Lançada em maio de 2022, a campanha Amazônia de Pé busca por meio da iniciativa popular aprovar uma lei de destinação das terras públicas na Amazônia para quem sempre a protegeu: indígenas, quilombolas e pequenos extrativistas. Mobilizadores de todo o país estão envolvidos no projeto, entre eles Leila Borari, musicista e ativista de Alter do Chão (PA).

A região de Alter do Chão, como toda a Amazônia, é alvo de mineradoras e pecuaristas. Foi num momento especialmente exposto da região, durante o avanço da fronteira dos produtores de soja no início dos anos 2000, que Borari tornou-se ativista voluntária do Greenpeace. Essa atenção internacional, para ela, foi um importante passo para o combate de políticas de desmatamento e para o estabelecimento de uma nova Amazônia.
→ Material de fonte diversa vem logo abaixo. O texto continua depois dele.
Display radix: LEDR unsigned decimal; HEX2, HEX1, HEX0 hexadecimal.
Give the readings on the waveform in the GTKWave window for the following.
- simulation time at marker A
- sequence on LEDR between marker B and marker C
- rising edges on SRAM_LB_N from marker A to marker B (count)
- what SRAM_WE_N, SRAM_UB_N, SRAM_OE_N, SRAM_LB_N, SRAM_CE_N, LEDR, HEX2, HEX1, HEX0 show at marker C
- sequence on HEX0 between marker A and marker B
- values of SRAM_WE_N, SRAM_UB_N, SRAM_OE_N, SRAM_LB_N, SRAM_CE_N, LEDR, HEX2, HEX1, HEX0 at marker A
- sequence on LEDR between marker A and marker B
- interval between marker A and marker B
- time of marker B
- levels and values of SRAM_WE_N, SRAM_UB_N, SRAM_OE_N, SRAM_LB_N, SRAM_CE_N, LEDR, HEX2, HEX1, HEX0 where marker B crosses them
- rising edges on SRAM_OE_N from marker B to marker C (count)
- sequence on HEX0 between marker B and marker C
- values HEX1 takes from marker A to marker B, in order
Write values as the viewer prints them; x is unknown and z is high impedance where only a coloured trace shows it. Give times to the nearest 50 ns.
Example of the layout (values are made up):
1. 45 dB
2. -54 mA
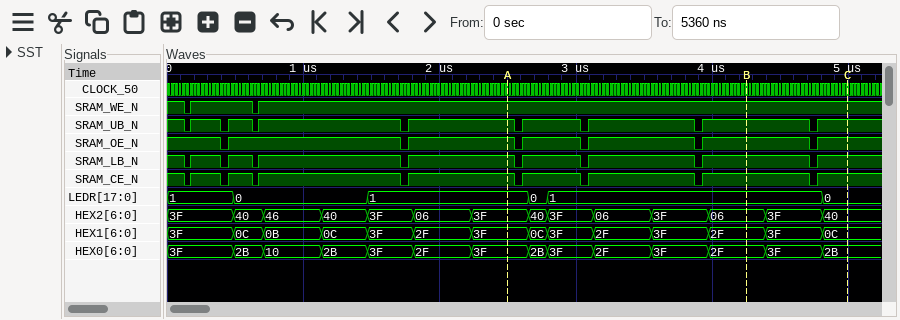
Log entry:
1. 2500 ns
2. 1, 0
3. 3
4. SRAM_WE_N=1, SRAM_UB_N=1, SRAM_OE_N=1, SRAM_LB_N=1, SRAM_CE_N=1, LEDR=0, HEX2=40, HEX1=0C, HEX0=2B
5. 3F, 2B, 3F, 2F, 3F, 2F
6. SRAM_WE_N=1, SRAM_UB_N=1, SRAM_OE_N=1, SRAM_LB_N=1, SRAM_CE_N=1, LEDR=1, HEX2=3F, HEX1=3F, HEX0=3F
7. 1, 0, 1
8. 1750 ns
9. 4250 ns
10. SRAM_WE_N=1, SRAM_UB_N=1, SRAM_OE_N=1, SRAM_LB_N=1, SRAM_CE_N=1, LEDR=1, HEX2=06, HEX1=2F, HEX0=2F
11. 1
12. 2F, 3F, 2B
13. 3F, 0C, 3F, 2F, 3F, 2F
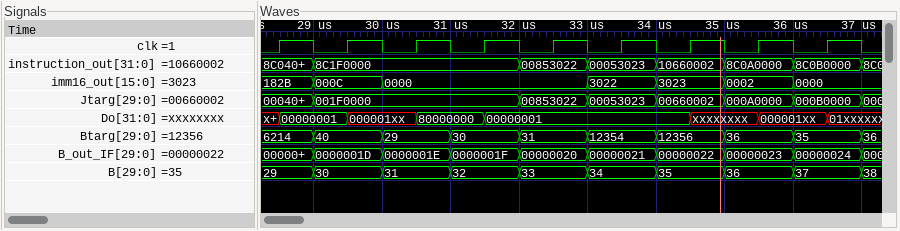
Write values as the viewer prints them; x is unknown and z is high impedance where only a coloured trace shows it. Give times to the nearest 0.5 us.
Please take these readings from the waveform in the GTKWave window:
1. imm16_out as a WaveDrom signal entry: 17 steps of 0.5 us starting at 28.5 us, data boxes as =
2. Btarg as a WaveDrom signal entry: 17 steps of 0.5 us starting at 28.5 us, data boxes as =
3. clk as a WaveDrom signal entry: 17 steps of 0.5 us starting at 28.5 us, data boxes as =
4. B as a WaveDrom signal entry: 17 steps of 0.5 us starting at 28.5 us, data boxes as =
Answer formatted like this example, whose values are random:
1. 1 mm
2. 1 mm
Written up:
1. {name: 'imm16_out', wave: '==.=.....=.=.=.=.', data: '182B 000C 0000 3022 3023 0002 0000'}
2. {name: 'Btarg', wave: '==.=.=.=.=.=.=.=.', data: '6214 40 29 30 31 12354 12356 36 35'}
3. {name: 'clk', wave: '10101010101010101'}
4. {name: 'B', wave: '==.=.=.=.=.=.=.=.', data: '29 30 31 32 33 34 35 36 37'}
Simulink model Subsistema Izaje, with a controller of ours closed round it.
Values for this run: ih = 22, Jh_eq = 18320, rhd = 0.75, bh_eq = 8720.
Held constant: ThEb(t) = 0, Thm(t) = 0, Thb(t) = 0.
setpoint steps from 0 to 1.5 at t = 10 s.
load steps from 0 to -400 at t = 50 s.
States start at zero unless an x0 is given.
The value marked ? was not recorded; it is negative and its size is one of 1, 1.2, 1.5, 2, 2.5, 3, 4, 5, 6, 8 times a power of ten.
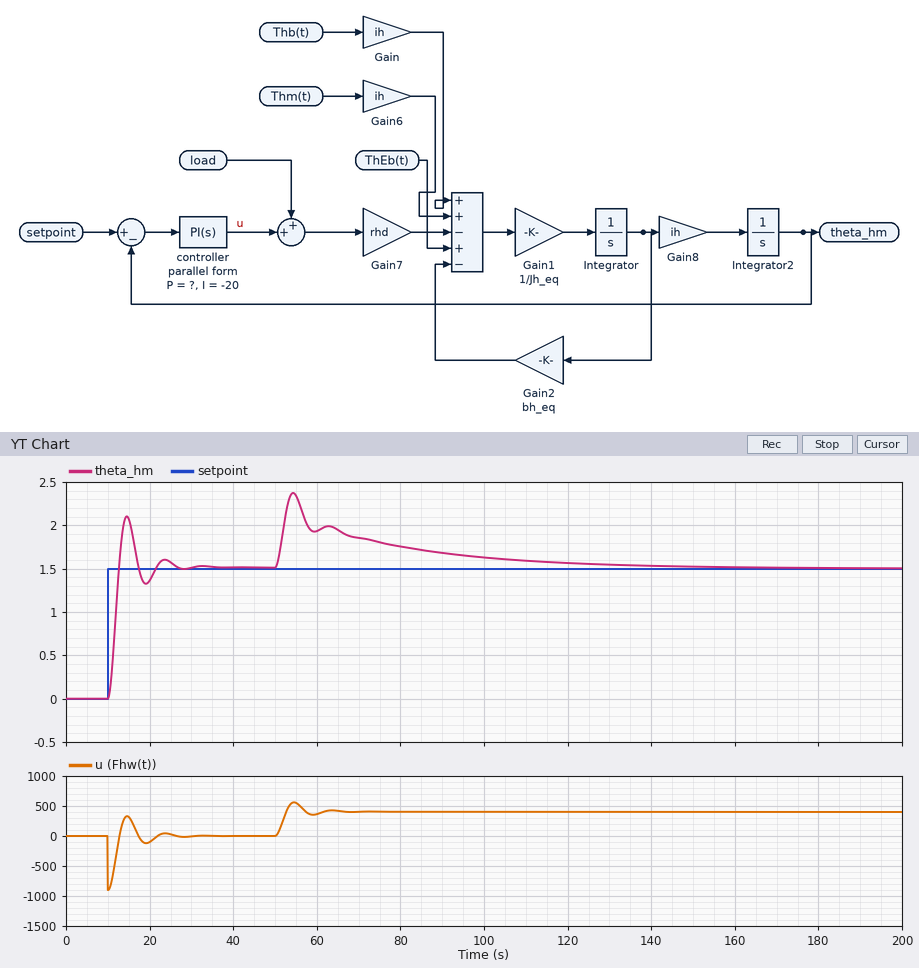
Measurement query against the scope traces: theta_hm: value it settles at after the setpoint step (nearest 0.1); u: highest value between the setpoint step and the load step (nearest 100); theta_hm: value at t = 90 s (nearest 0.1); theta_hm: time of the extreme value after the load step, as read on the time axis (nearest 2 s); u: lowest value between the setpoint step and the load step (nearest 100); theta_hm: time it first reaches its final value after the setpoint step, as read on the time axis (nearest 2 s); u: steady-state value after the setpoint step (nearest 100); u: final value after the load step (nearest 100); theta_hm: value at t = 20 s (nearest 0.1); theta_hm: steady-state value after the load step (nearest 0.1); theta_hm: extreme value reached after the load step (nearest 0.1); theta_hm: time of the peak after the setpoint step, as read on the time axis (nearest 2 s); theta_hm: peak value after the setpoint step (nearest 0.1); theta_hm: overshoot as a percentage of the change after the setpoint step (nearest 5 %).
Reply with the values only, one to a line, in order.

1.5
300
1.7
54 s
-900
12 s
0
400
1.4
1.5
2.4
14 s
2.1
40 %
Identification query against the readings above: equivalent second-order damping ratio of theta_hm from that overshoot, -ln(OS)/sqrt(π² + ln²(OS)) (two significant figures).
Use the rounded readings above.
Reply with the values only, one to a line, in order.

0.28
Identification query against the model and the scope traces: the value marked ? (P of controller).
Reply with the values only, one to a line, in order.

-600
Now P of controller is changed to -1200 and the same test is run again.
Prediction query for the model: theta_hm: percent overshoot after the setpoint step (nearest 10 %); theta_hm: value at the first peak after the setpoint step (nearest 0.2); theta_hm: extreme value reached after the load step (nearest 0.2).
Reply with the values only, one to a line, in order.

“Alter [do Chão] é realmente um espaço único, mágico. A vegetação de lá é única no mundo, a savana amazônica, então fazer parte de uma equipe como a do Greenpeace, que está olhando para o espaço, foi uma experiência incrível. Abriu meus olhos para essa intitulação de militante, mas também me ajudou muito a desenvolver um trabalho em prol da minha comunidade”, diz.

Indígena da etnia Borari – um dos treze povos que Alter do Chão – Leila também é fundadora do coletivo indígena “Suraras do Tapajós”. Pelo carimbó, as Suraras cantam histórias de suas vidas e no âmbito social, funcionam como um espaço de acolhimento para mulheres indígenas de toda região do Tapajós.

“A partir daí a gente tem mostrado a outras mulheres indígenas para usarem a arte. Estamos mostrando que a poesia é uma maneira de luta, de mostrar a voz”, diz a ativista.

Borari atribui seu envolvimento com a militância a uma herança do pai. “Tudo começou de uma maneira bem orgânica. Meu pai sempre incentivou a gente a estar ali discutindo política, mesmo quando a maioria das pessoas dizia que aquele espaço não era muito apropriado”, explica.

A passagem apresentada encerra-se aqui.